Sieves are faster until you start traversing your swap space just
trying to fill it in. Sieve algorithms are inherently non-scalable.
Using a bit array and skipping even numbers, the best you can do is
256MBs to cover the entire 2^32 space. There's no way you could fill
in such an array (roughly 128million times) in reasonable time.
 
> Of course one could choose a range that goes from 2 through the upper
> bounds of an integer as a native data type.
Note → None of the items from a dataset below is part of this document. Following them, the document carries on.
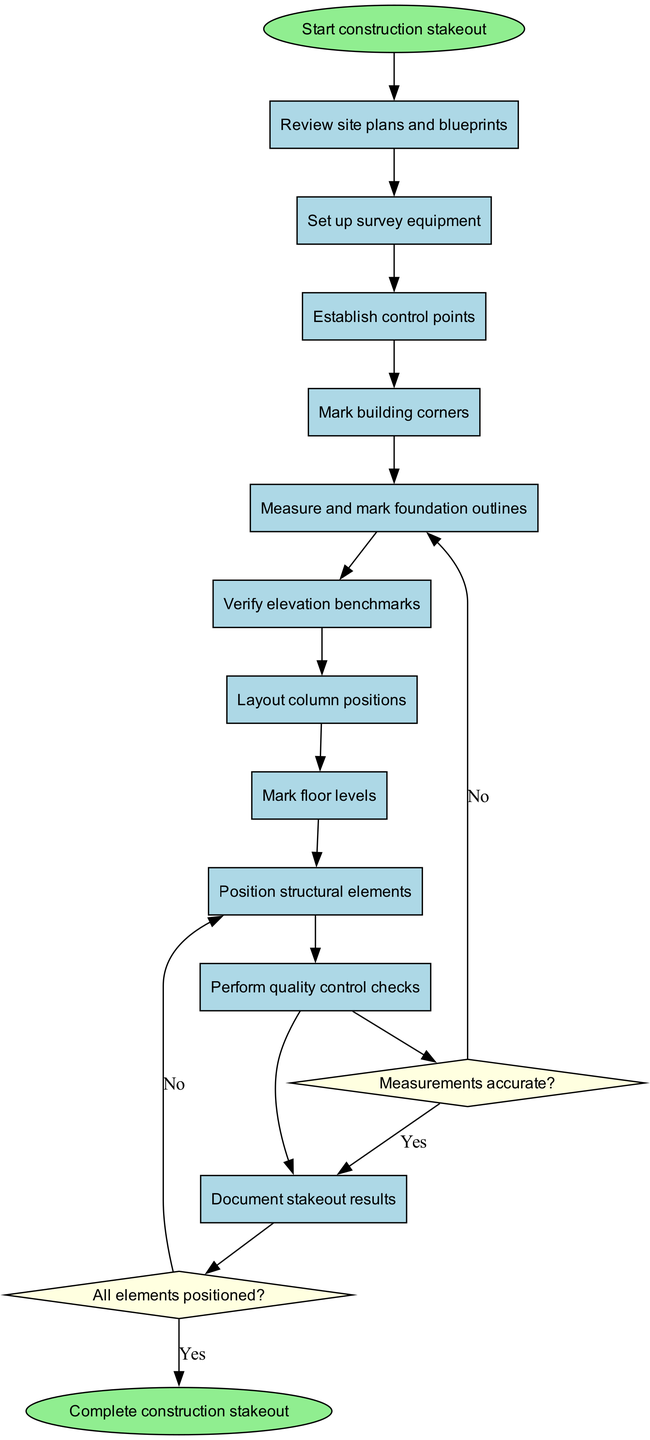What is the first activity in the diagram? The first activity is directly connected to the starting node. Following the flow from the start node, the first activity listed is "Review site plans and blueprints."
Answer: Review site plans and blueprints How many activities are present in the diagram? The diagram includes a list of activities, which can be counted by enumerating them in the provided data. There are 11 activities in total.
Answer: 11 Which node follows "Perform quality control checks"? From the diagram, "Perform quality control checks" leads to a decision node about measurement accuracy. This relationship can be traced directly through the flow connections.
Answer: Check measurements What decision leads to "Continue positioning"? The decision regarding whether all elements are positioned leads to "Continue positioning" if the answer is "No." This can be verified by tracing the connection from the decision node back to the appropriate activities.
Answer: All elements positioned? Which activity is positioned before "Document stakeout results"? The activity directly preceding "Document stakeout results" can be identified by following the flow from the preceding node in the activity list. The relevant activity is "Position structural elements."
Answer: Position structural elements What happens if measurements are deemed inaccurate? Following the diagram, if measurements are found to be inaccurate, the flow leads to "Recalibrate and remeasure." This connection is evident from the decision node regarding measurement accuracy.
Answer: Recalibrate and remeasure What signifies the completion of the stakeout process? The end of the process is represented by the final node in the diagram, which corresponds to the verification that all steps have been completed. This is explicitly stated as "Complete construction stakeout."
Answer: Complete construction stakeout Which activity confirms the positioning before documentation? Prior to documenting the stakeout results, the activity that confirms positioning is "Position structural elements." This is linked directly in the flow leading up to the documentation phase.
Answer: Position structural elements 
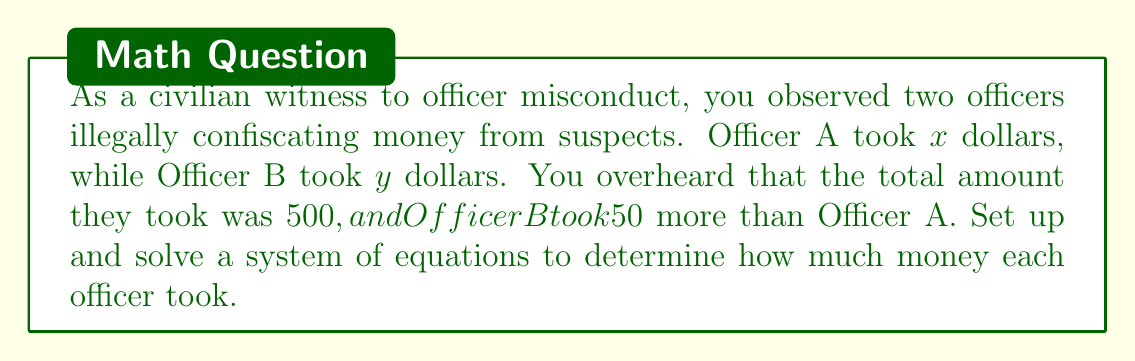Could you help me with this problem? Let's set up the system of equations based on the given information:

1. The total amount taken by both officers is $500:
   $$x + y = 500$$

2. Officer B took $50 more than Officer A:
   $$y = x + 50$$

Now, let's solve this system of equations:

1. Substitute the second equation into the first:
   $$x + (x + 50) = 500$$

2. Simplify:
   $$2x + 50 = 500$$

3. Subtract 50 from both sides:
   $$2x = 450$$

4. Divide both sides by 2:
   $$x = 225$$

5. Now that we know $x$, we can find $y$ using the second equation:
   $$y = x + 50 = 225 + 50 = 275$$

6. Verify the solution by checking both original equations:
   $$225 + 275 = 500$$ (true)
   $$275 = 225 + 50$$ (true)

Therefore, Officer A took $225 and Officer B took $275.
Answer: Officer A took $225, and Officer B took $275.

Is this what you suggest?
>
> The algorithm I chose determines the first N primes and prints the Nth.
> Is there a way to determine the Nth prime (when N is known only at
> run-time) without also determining all the primes preceding the Nth
> prime?

There actually is such an estimation function:

    Prime(n) ~= n * log (n)

You can check this estimation yourself -- its not too terrible.
 
> The algorithm I used is a modified sieve. Each new number is tested
> for prime-ness using only known prime numbers less than the square
> root of the current candidate for prime-ness.

So its a division test nevertheless. This means your prime test
algorithm is going to be O(sqrt(n)) no matter what.
 
> The 100000th prime number is 1299709. This number is clearly outside
> the range of 2 through 100000.

I got 1299674. Of course the 10000000th (10 millionth) prime is
179422572 which I was able to determine in 153 seconds on my 1.7Ghz
Athlon because I use a somewhat more scalable algorithm. :)
 
> As far as timing calculations, finding all the prime numbers less than
> 1000 takes my program (and computer) 0.0015 seconds. 997 is the 168th
> prime number. On the other hand, the 1000th prime number is 7919 and
> takes my system 0.025 seconds to find.
>
> Clearly, the farther down the list of prime numbers we go, the more
> sparse they are along the number line, making my approach non-linear
> in time. By that I mean that, as shown above, the 1000th prime takes
> about 20 times as much time as the 168th prime. The time growth is
> clearly non-linear.

The algorithm I posted has essentially constant running time. (I.e.,
determining the nth prime will still take roughly linear time.)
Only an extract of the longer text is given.